- _TASK GOAL_: Print the data exactly. Omit the pictures.

BEGIN PROVIDED RECORDS

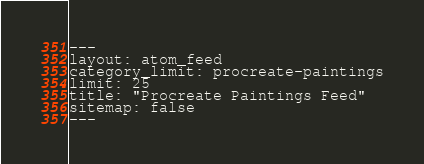Convert code to text. <code><loc_0><loc_0><loc_500><loc_500><_XML_>---
layout: atom_feed
category_limit: procreate-paintings
limit: 25
title: "Procreate Paintings Feed"
sitemap: false
---
</code>

END PROVIDED RECORDS

- _REPLY_:
Convert code to text. <code><loc_0><loc_0><loc_500><loc_500><_XML_>---
layout: atom_feed
category_limit: procreate-paintings
limit: 25
title: "Procreate Paintings Feed"
sitemap: false
---
</code>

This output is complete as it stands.